* **WHAT TO PRODUCE**:
Please repeat every record exactly, leaving out any pictures.

━━━━━ INPUT DATA ━━━━━

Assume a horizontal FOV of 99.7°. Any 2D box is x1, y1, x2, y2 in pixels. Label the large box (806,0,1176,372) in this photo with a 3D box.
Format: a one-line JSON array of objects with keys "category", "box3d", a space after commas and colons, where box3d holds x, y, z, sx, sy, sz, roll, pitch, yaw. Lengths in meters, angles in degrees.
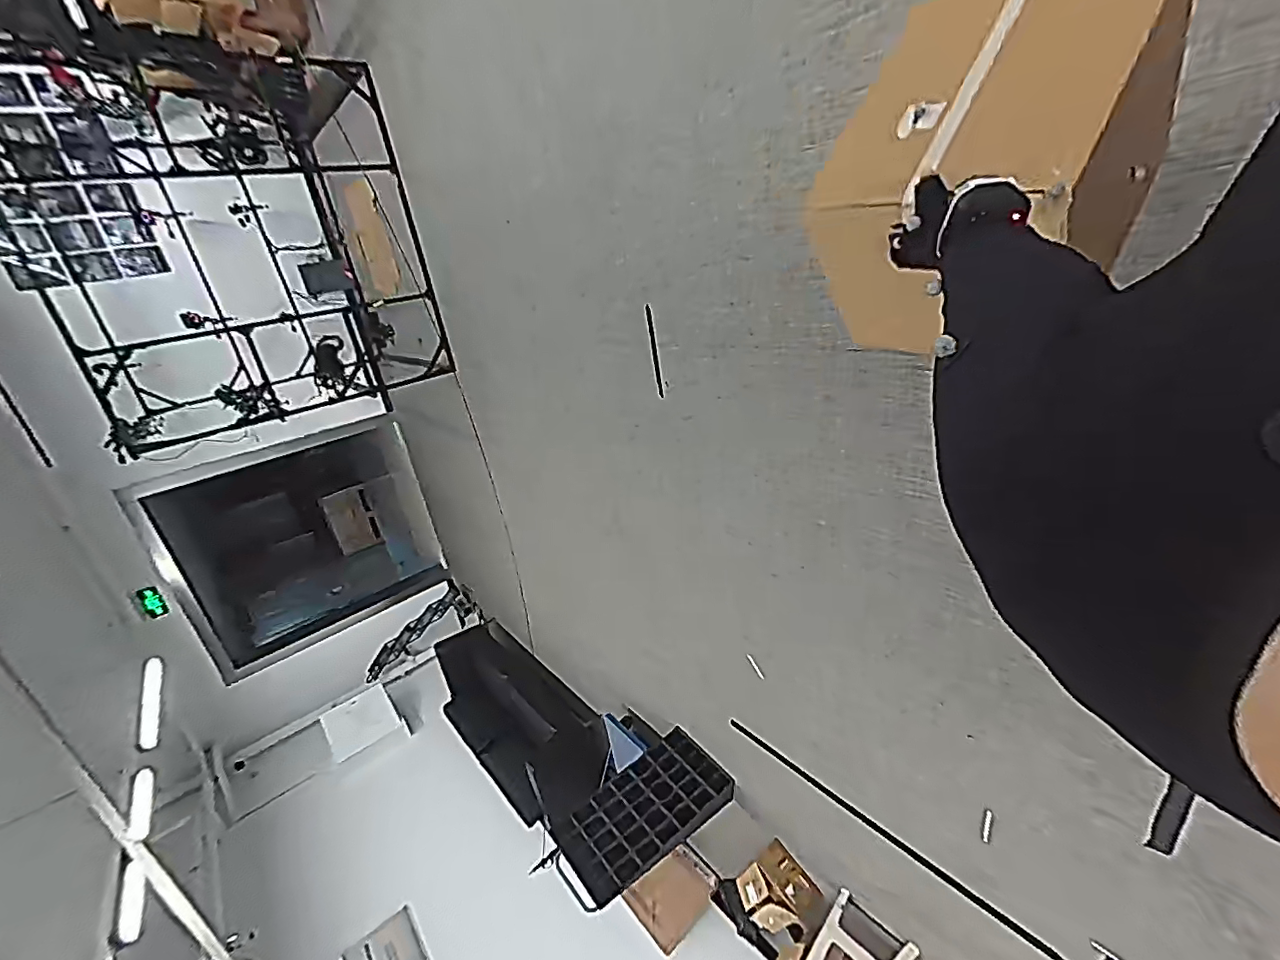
[{"category": "large box", "box3d": [0.512, -0.427, 0.797, 0.320, 0.408, 0.320, 21, 168, 44]}]
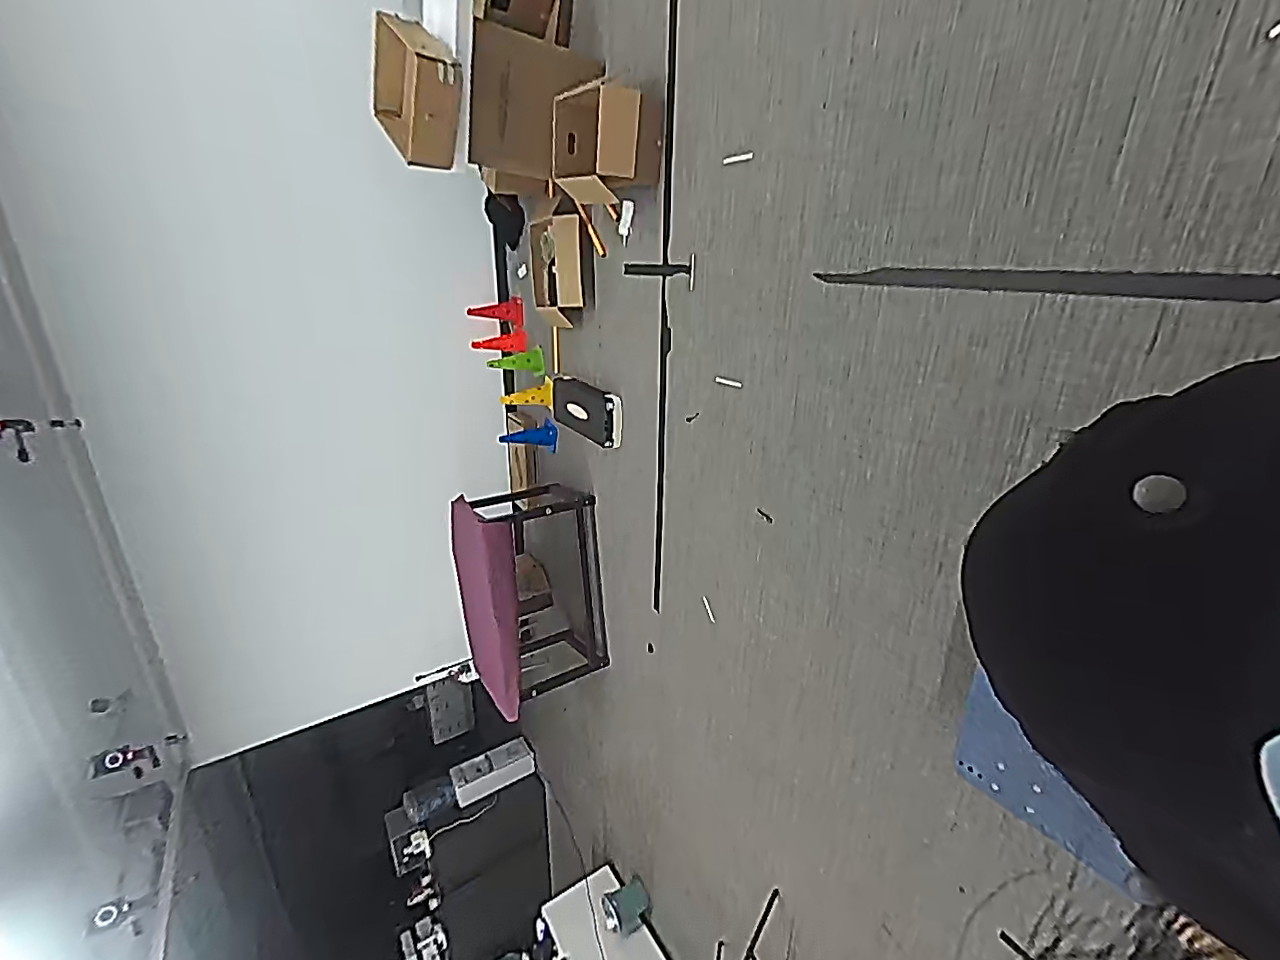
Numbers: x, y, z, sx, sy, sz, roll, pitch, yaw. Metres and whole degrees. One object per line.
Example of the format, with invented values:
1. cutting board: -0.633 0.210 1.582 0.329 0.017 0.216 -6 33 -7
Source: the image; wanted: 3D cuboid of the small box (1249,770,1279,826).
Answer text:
1. small box: 1.093 0.618 0.869 0.168 0.176 0.179 22 118 54
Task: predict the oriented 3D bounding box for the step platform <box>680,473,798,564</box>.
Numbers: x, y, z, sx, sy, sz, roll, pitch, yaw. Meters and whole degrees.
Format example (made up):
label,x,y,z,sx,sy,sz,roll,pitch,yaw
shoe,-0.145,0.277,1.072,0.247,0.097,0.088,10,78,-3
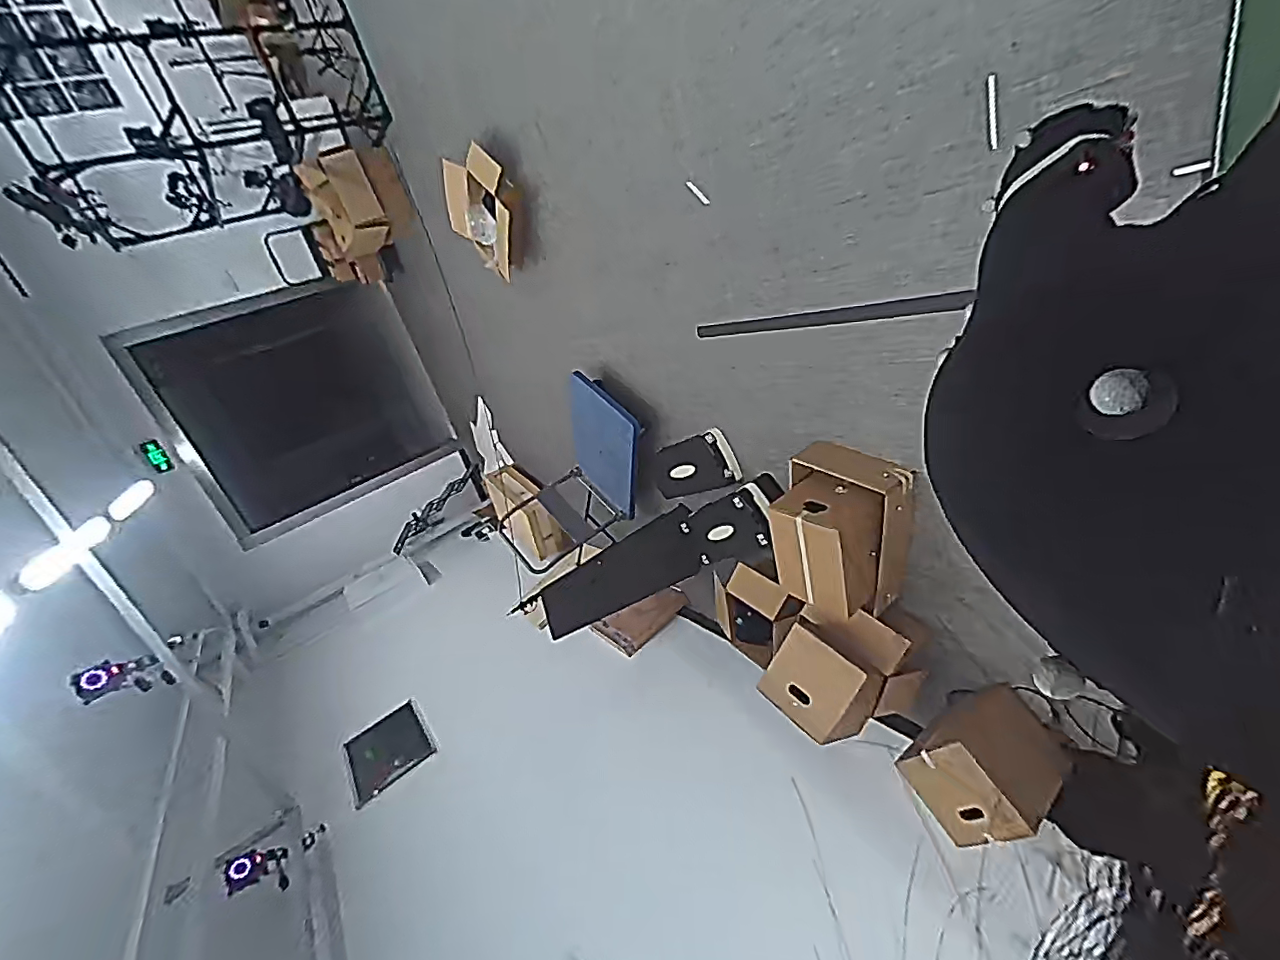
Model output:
label,x,y,z,sx,sy,sz,roll,pitch,yaw
step platform,0.460,0.212,2.680,0.286,0.204,0.684,57,152,4
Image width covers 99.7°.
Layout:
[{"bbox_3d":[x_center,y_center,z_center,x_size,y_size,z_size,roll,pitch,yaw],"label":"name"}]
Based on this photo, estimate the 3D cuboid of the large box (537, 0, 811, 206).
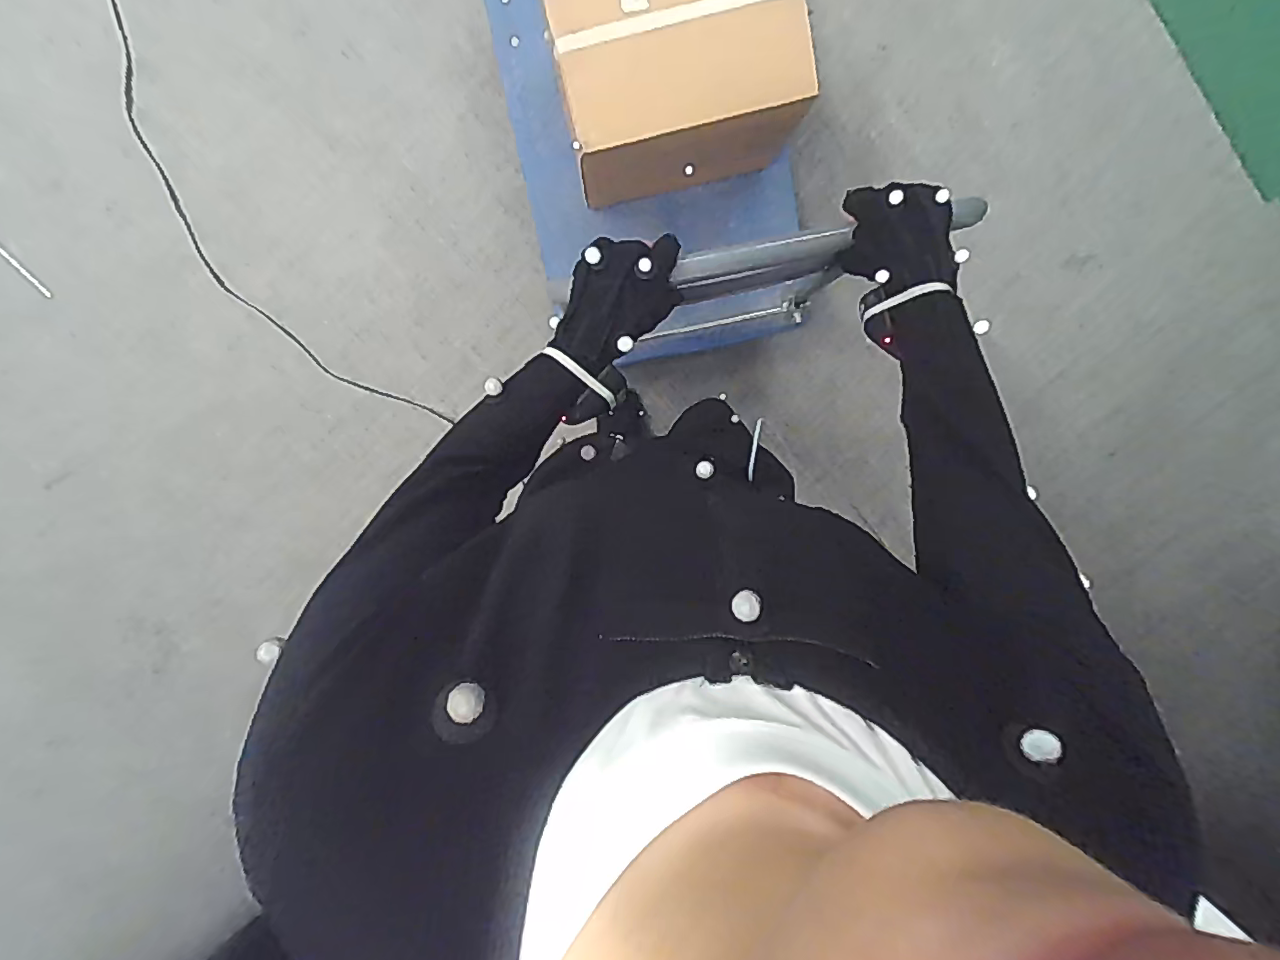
[{"bbox_3d":[0.050,-0.759,1.006,0.408,0.320,0.320,-14,101,0],"label":"large box"}]
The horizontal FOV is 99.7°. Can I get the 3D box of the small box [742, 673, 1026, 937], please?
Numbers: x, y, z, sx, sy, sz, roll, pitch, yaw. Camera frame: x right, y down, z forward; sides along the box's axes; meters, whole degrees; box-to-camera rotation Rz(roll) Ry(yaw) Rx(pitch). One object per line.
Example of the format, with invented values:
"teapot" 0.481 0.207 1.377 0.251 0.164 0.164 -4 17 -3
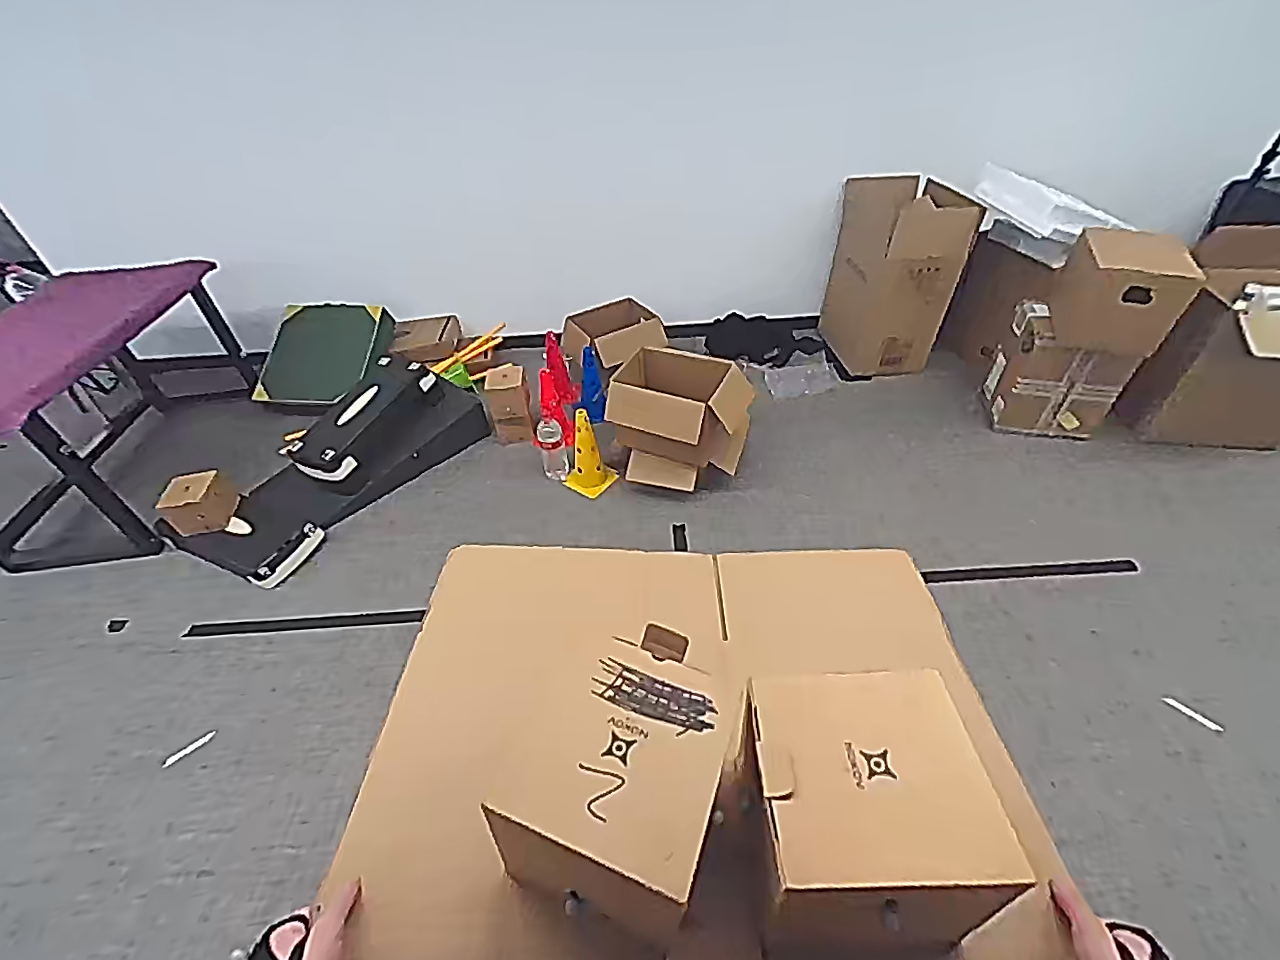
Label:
"small box" 0.196 0.298 0.500 0.179 0.176 0.168 -3 39 2
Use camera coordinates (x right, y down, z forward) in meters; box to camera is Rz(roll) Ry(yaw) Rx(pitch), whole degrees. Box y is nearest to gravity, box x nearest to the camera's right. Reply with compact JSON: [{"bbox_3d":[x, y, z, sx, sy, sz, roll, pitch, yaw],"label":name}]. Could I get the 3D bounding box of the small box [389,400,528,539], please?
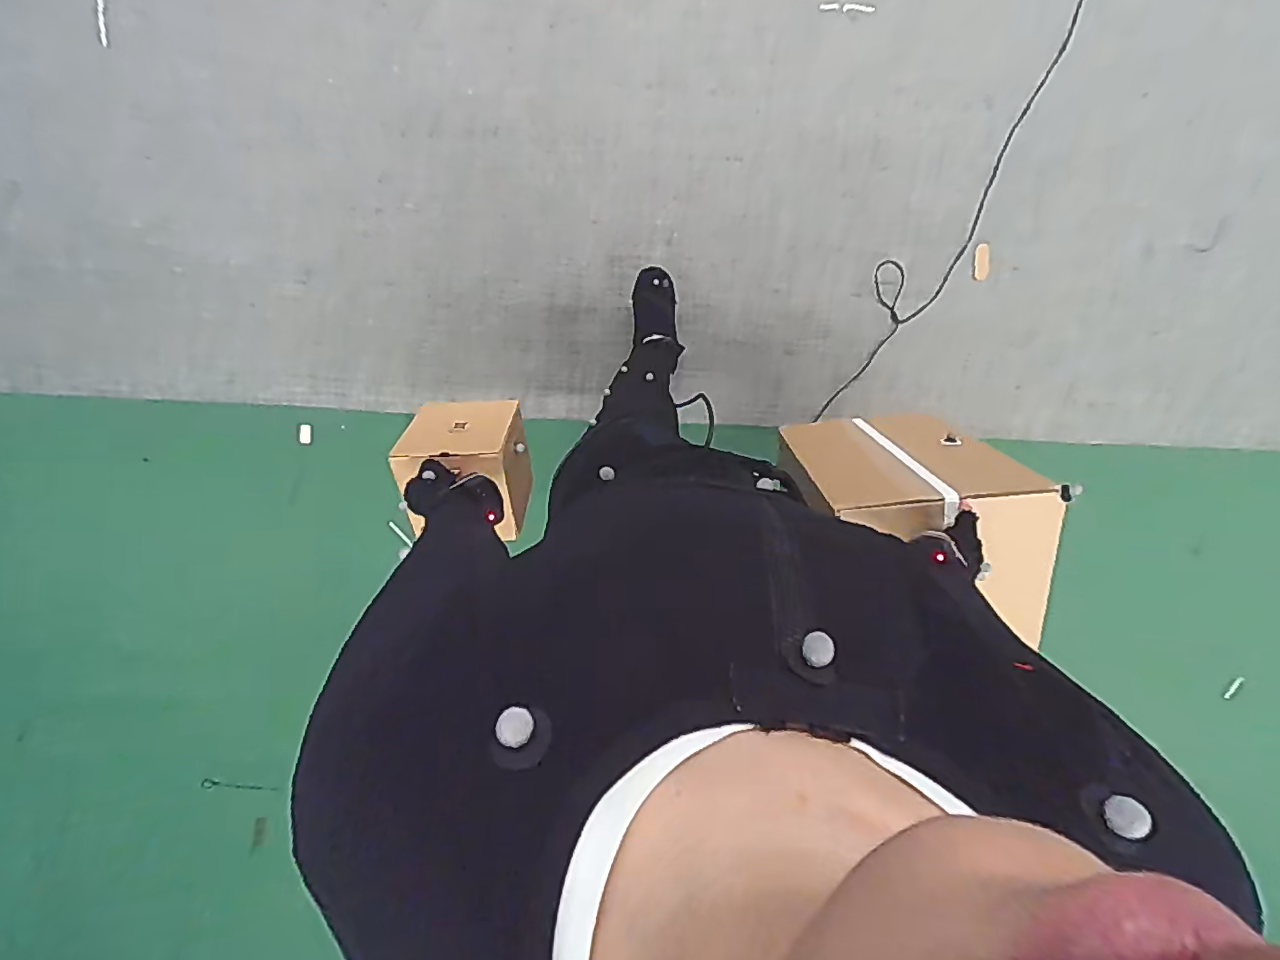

━━━━━

* **RESPONSE AREA**:
Assume a horizontal FOV of 99.7°. Any 2D box is x1, y1, x2, y2 in pixels. Label the large box (806,0,1176,372) in this photo with a 3D box.
Format: a one-line JSON array of objects with keys "category", "box3d", a space after commas and colons, where box3d holds x, y, z, sx, sy, sz, roll, pitch, yaw. Lengths in meters, angles in degrees.
[{"category": "large box", "box3d": [0.512, -0.427, 0.797, 0.320, 0.408, 0.320, 21, 168, 44]}]
Numbers: x, y, z, sx, sy, sz, roll, pitch, yaw. Metres and whole degrees. One object per line.
Example of the format, with invented values:
1. cutting board: -0.633 0.210 1.582 0.329 0.017 0.216 -6 33 -7
Source: the image; wanted: 3D cuboid of the small box (1249,770,1279,826).
Answer text:
1. small box: 1.093 0.618 0.869 0.168 0.176 0.179 22 118 54
Task: predict the oriented 3D bounding box for the step platform <box>680,473,798,564</box>.
Numbers: x, y, z, sx, sy, sz, roll, pitch, yaw. Meters and whole degrees.
Format example (made up):
label,x,y,z,sx,sy,sz,roll,pitch,yaw
shoe,-0.145,0.277,1.072,0.247,0.097,0.088,10,78,-3
Model output:
label,x,y,z,sx,sy,sz,roll,pitch,yaw
step platform,0.460,0.212,2.680,0.286,0.204,0.684,57,152,4
Image width covers 99.7°.
Layout:
[{"bbox_3d":[x_center,y_center,z_center,x_size,y_size,z_size,roll,pitch,yaw],"label":"name"}]
Based on this photo, estimate the 3D cuboid of the large box (537, 0, 811, 206).
[{"bbox_3d":[0.050,-0.759,1.006,0.408,0.320,0.320,-14,101,0],"label":"large box"}]
The horizontal FOV is 99.7°. Can I get the 3D box of the small box [742, 673, 1026, 937], please?
Numbers: x, y, z, sx, sy, sz, roll, pitch, yaw. Camera frame: x right, y down, z forward; sides along the box's axes; meters, whole degrees; box-to-camera rotation Rz(roll) Ry(yaw) Rx(pitch). One object per line.
Example of the format, with invented values:
"teapot" 0.481 0.207 1.377 0.251 0.164 0.164 -4 17 -3
Label:
"small box" 0.196 0.298 0.500 0.179 0.176 0.168 -3 39 2
Use camera coordinates (x right, y down, z forward) in meters; box to camera is Rz(roll) Ry(yaw) Rx(pitch), whole degrees. Box y is nearest to gravity, box x nearest to the camera's right. Reply with compact JSON: [{"bbox_3d":[x, y, z, sx, sy, sz, roll, pitch, yaw],"label":name}]. Could I get the 3D bounding box of the small box [389,400,528,539], please?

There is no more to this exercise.